Melihat potensi yang terus tumbuh, pemerintah kecamatan kini mendorong agar makam Sangia Wambulu diresmikan sebagai destinasi wisata religi.
“Kami sudah usulkan ke kabupaten, ke Dinas Pendidikan dan Kebudayaan, agar makam ini dijadikan destinasi wisata religi,” kata Yusni.
Ia memperkirakan, jumlah peziarah yang datang setiap tahun telah mencapai ribuan, meskipun data resminya belum tersedia.

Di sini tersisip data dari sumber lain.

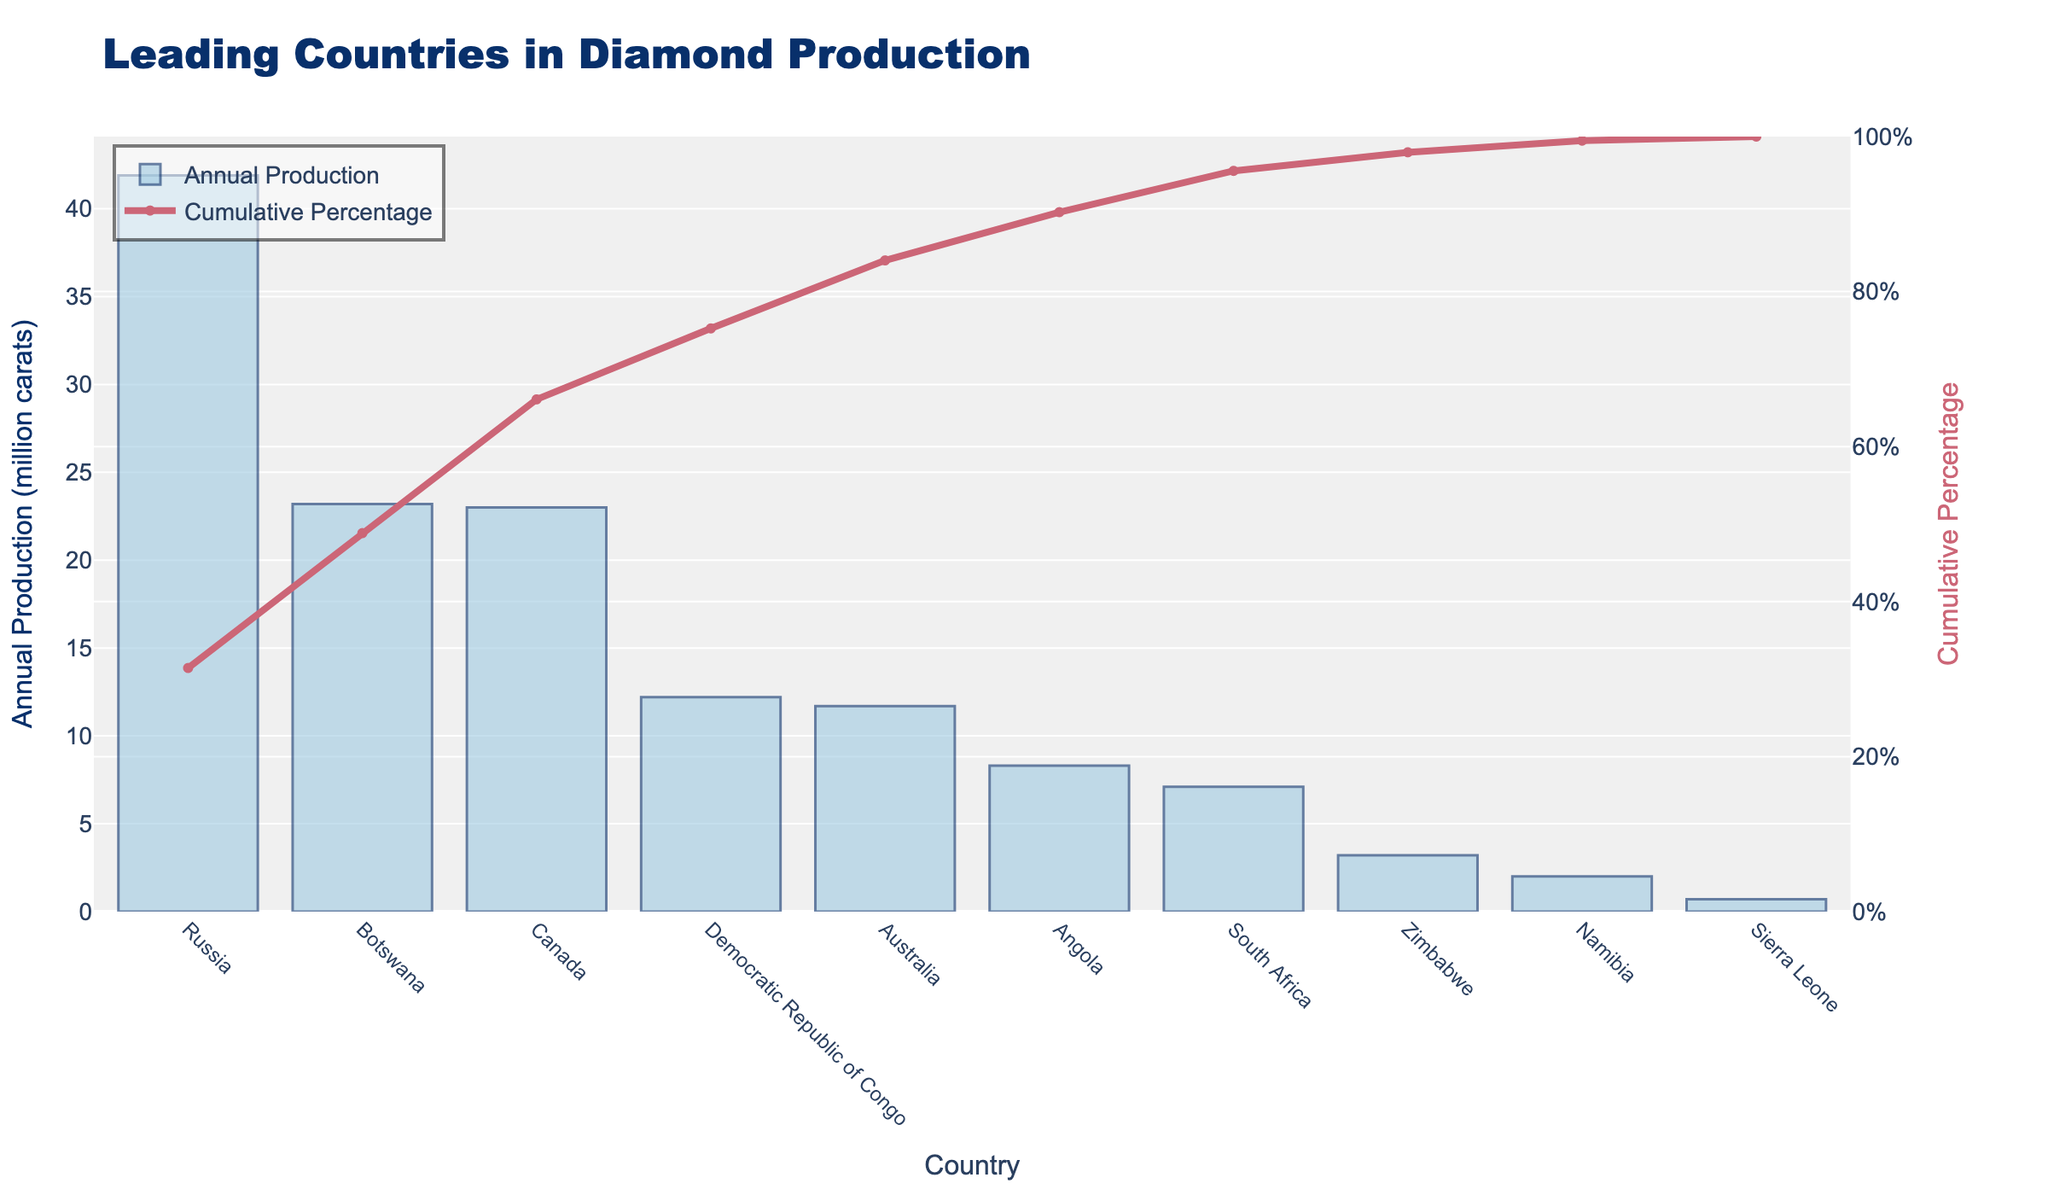What is the title of the figure? The title of the figure is displayed at the top, which is "Leading Countries in Diamond Production". This title helps identify the main subject of the figure.
Answer: Leading Countries in Diamond Production Which country has the highest annual diamond production? By observing the height of the bars, Russia has the highest bar indicating the highest annual diamond production among the countries listed.
Answer: Russia How many countries are represented in the chart? You can count the number of bars or labels on the x-axis. There are 10 countries represented in the chart.
Answer: 10 What color is used for the bars representing annual production? The color of the bars showing annual production is light blue (close to a shade of blue). This color distinction helps to identify the bars at a glance.
Answer: Light blue At what cumulative percentage is the fourth country? By looking at the cumulative percentage line, the fourth country from the left is the Democratic Republic of Congo, and its corresponding cumulative percentage on the secondary y-axis can be observed and is approximately 78%.
Answer: 78% What is the combined annual diamond production of Canada and Botswana? The annual production for Botswana is 23.2 million carats and for Canada is 23.0 million carats. Adding these gives 23.2 + 23.0 = 46.2 million carats.
Answer: 46.2 million carats Which country contributes more to annual diamond production, Angola or South Africa, and by how much? By comparing the height of the bars, Angola produces 8.3 million carats while South Africa produces 7.1 million carats. The difference is 8.3 - 7.1 = 1.2 million carats.
Answer: Angola by 1.2 million carats What percentage of total annual production is contributed by the top three countries combined? The top three countries are Russia, Botswana, and Canada. Their combined production is 41.9 + 23.2 + 23 = 88.1 million carats. The total production is 41.9+23.2+23+12.2+11.7+8.3+7.1+3.2+2+0.7 = 133.3 million carats. The percentage is (88.1/133.3) * 100 = 66.1%.
Answer: 66.1% What is the difference in cumulative percentage between the top producer and the country with the second-highest production? The cumulative percentage for Russia is around 31%, and for Botswana, it is around 48%. The difference is roughly 48% - 31% = 17%.
Answer: 17% Which country has the lowest annual diamond production, and what is its value? The smallest bar corresponds to Sierra Leone, with an annual production of 0.7 million carats.
Answer: Sierra Leone with 0.7 million carats

Dengan segala warisan nilai, ritual, dan jejak spiritual yang ditinggalkan, Sangia Wambulu bukan sekadar tokoh sejarah. Ia adalah sosok yang pengaruhnya tetap hidup, melampaui masa, menjembatani generasi, dan menjadikan sebuah bukit sunyi di Buton Tengah sebagai titik temu antara sejarah, budaya, dan spiritualitas yang terus bertahan.
Akses ke Makam
Bagi yang berangkat dari Kota Kendari, salah satu rute yang bisa dipilih adalah jalur laut menuju Raha, ibu kota Kabupaten Muna, menggunakan kapal cepat dari Pelabuhan Nusantara. Setibanya di Raha, perjalanan dilanjutkan lewat jalur darat menuju Buton Tengah. Waktu tempuh sekitar dua jam dengan kendaraan roda dua atau roda empat, melewati jalan beraspal yang cukup layak dilalui.

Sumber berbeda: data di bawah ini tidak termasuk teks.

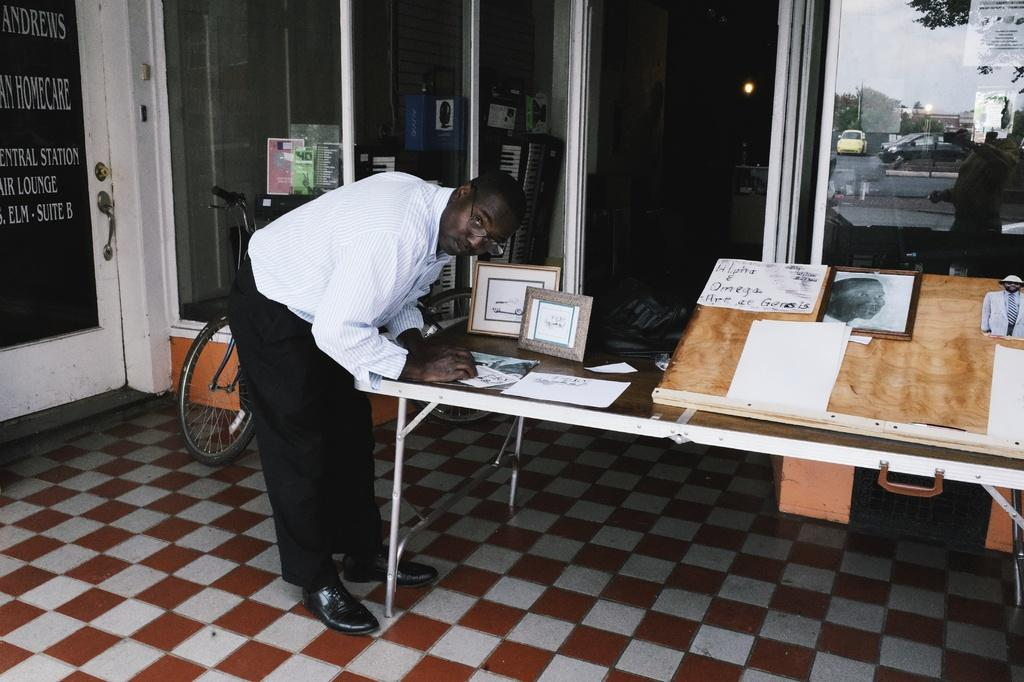What is the position of the person in the image? There is a person standing on the left side of the image. What is the person doing in the image? The person is looking at something. What can be seen in the background of the image? There is a bicycle, a glass door, and a car in the background of the image. What type of vegetation is on the right side of the image? There is a tree on the right side of the image. What type of organization is the person affiliated with in the image? There is no information about the person's affiliation or any organization in the image. 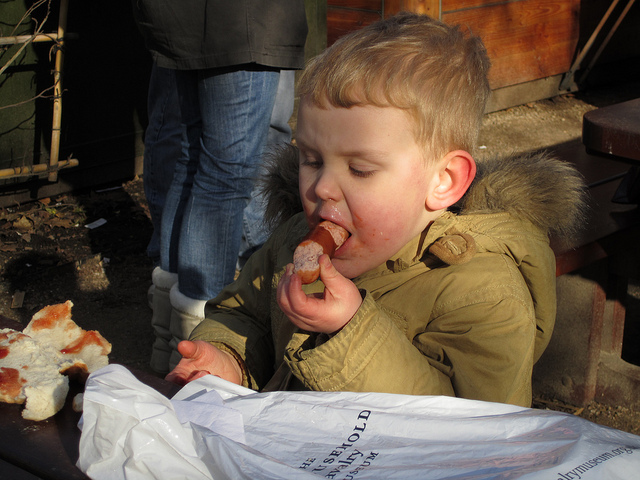Read and extract the text from this image. HE USENOLD avalry JSEUM lrymuseum.org

Jika ingin memangkas waktu, Anda bisa memilih kapal cepat langsung ke Baubau, atau memanfaatkan penerbangan berkala menuju kota tersebut. Dari Baubau, perjalanan dilanjutkan menggunakan perahu motor atau speedboat menuju Pelabuhan Tolandona atau langsung ke Desa Baruta. Ongkosnya berkisar antara Rp15.000 hingga Rp20.000 per orang, tergantung rute dan jenis perahu.
Bagi yang membawa kendaraan pribadi, ada alternatif jalur darat melalui Pelabuhan Feri Torobulu di Konawe Selatan. Dari sini, feri akan menyeberangkan ke Pulau Muna, lalu perjalanan diteruskan ke wilayah Buton Tengah dengan estimasi waktu sekitar tiga jam dari Torobulu.
Akses ke Buton Tengah juga tersedia dari arah selatan. Jika berada di Pulau Kabaena (wilayah Kabupaten Bombana), Anda bisa menyeberang langsung ke Buton Tengah menggunakan speedboat.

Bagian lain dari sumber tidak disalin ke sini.